Cod Liver Oil, Cooking Salmon, Essential Vitamins

Vitamin D2 is in the family of D vitamins. These vitamins are essential for so many reasons. Vitamin D2 is in a group of fat soluble prohormones. This means that it is acts like a hormone. We absorb D vitamins from food and sun exposure. Vitamin D2 has so many functions within the body. This vitamin helps to promote healthy skin and strong bones. In addition it helps to increase how much calcium the body is actually able to absorb.

Sunlight

Vitamin D, D2, and D3 can all be obtained just by getting some sun light each and every day. It is important to get about 20 minutes of sunshine per day in order to absorb what is needed. You don’t need to bake in the sun in order to get what your body needs, but you do need to get some sun light exposure. Moderation is important because you do need sun, but you don’t need too much sun. Too much sun can increase your chance of developing skin cancer.

Salmon

Salmon is a major source of vitamin D2 and other D vitamins. Broiling or lightly baking salmon is one way to ensure that high levels of vitamin D2 stay in tact.
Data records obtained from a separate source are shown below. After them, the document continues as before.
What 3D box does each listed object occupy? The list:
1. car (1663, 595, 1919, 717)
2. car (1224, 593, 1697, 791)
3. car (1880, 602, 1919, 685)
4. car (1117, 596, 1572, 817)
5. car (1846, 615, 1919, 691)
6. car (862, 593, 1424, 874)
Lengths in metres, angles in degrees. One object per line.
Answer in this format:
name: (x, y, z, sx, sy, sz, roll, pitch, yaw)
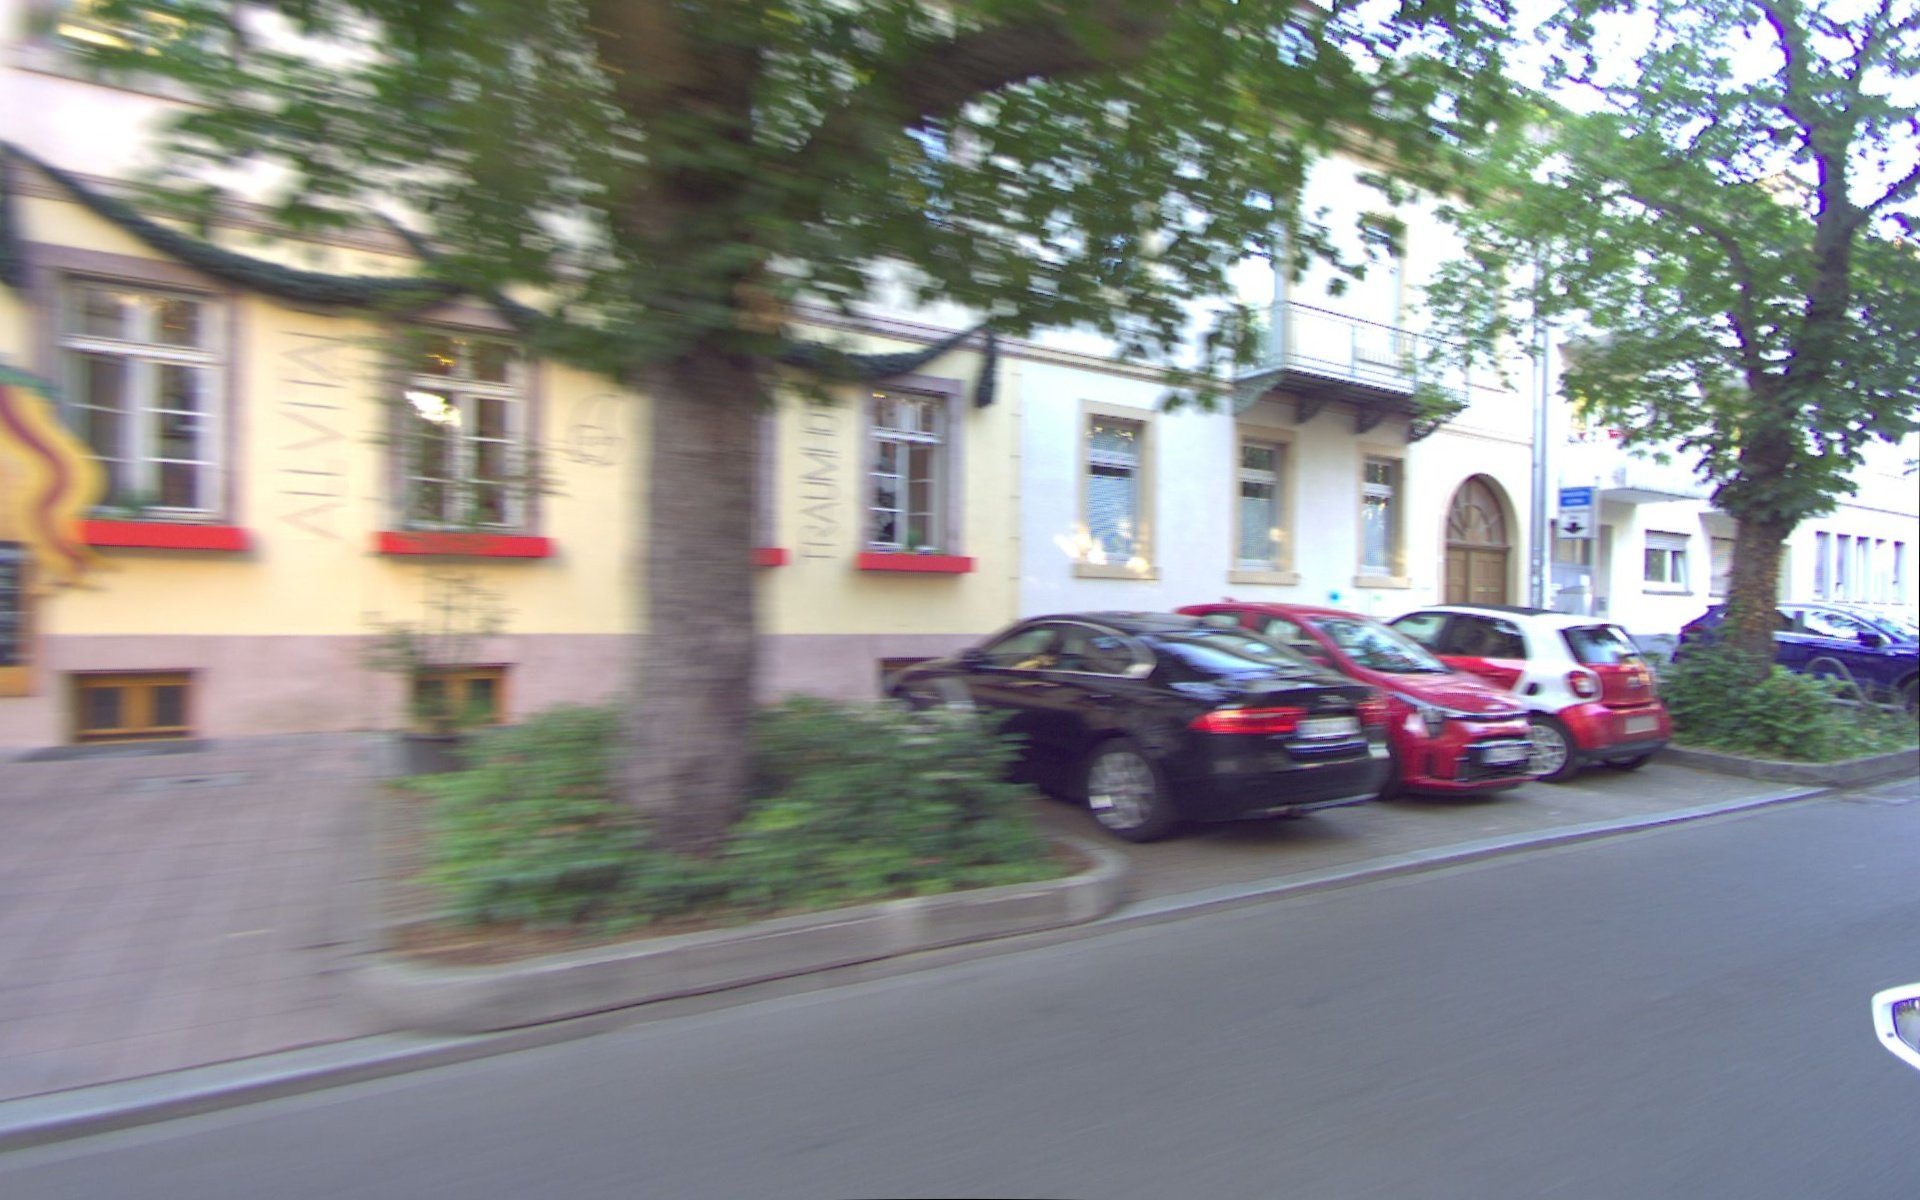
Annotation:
car: (13.955, 0.833, 15.773, 1.908, 1.594, 4.332, 1, 2, -30)
car: (5.136, 0.808, 10.982, 1.751, 1.559, 4.332, 2, 1, -30)
car: (22.630, 1.003, 20.972, 2.132, 1.789, 4.641, 1, 1, -31)
car: (3.275, 0.775, 9.254, 1.640, 1.469, 3.665, 1, 2, -30)
car: (20.289, 1.098, 19.813, 1.833, 1.470, 3.826, 0, 1, -30)
car: (1.051, 0.754, 7.835, 1.701, 1.426, 4.396, 2, 1, -34)

Sometimes over backing cooking salmon on a grill will destroy many essential nutrients. Salmon is often called an anti-aging food because it contains so many nutrients that help to prevent inflammation and protect cells such as omega 3 fats, vitamin A and D vitamins.

Raw Cows Milk

You will find a great deal of vitamin D2 in Raw Cows Milk. Many essential vitamins are destroyed when you buy store bought cows milk, however you can get the highest levels of vitamin D2 by buying raw cows milk. Raw cows milk is generally very safe when it is purchased from a clean local dairy. Raw cows milk also contains many other essential vitamins, enzymes and white blood cells. White blood cells are fighter cells that destroy pathenogens and viruses within the human body. Breast milk also contains high levels of white blood cells.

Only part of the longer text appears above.